[Start of Attachment]
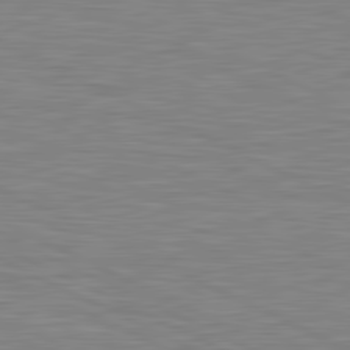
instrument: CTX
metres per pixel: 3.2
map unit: lApd
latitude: 81.3104
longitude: -169.4616
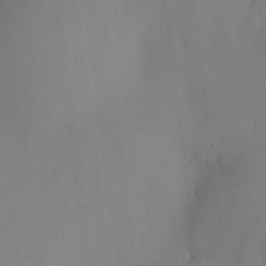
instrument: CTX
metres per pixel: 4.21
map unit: HNhu
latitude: 13.6505
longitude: 13.8422
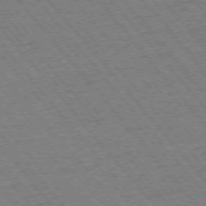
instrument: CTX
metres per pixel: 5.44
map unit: Ap
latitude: -75.5966
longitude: -86.8191
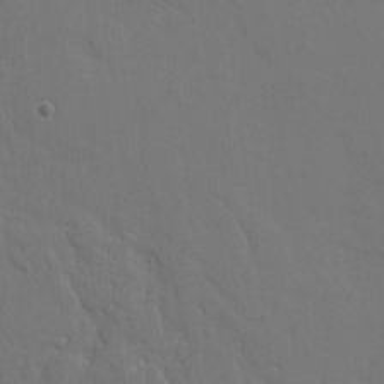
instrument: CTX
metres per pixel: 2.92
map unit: eHh
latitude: 7.8394
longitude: -67.6882
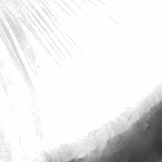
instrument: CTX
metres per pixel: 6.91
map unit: lHvf
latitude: -15.1431
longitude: -100.1389
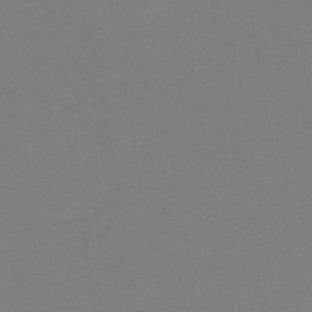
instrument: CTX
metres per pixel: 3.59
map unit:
[End of Attachment]
## What to do
What belongs in the answer is each line from the listing above that contains "pixel".

## Response to the task
metres per pixel: 3.2
metres per pixel: 4.21
metres per pixel: 5.44
metres per pixel: 2.92
metres per pixel: 6.91
metres per pixel: 3.59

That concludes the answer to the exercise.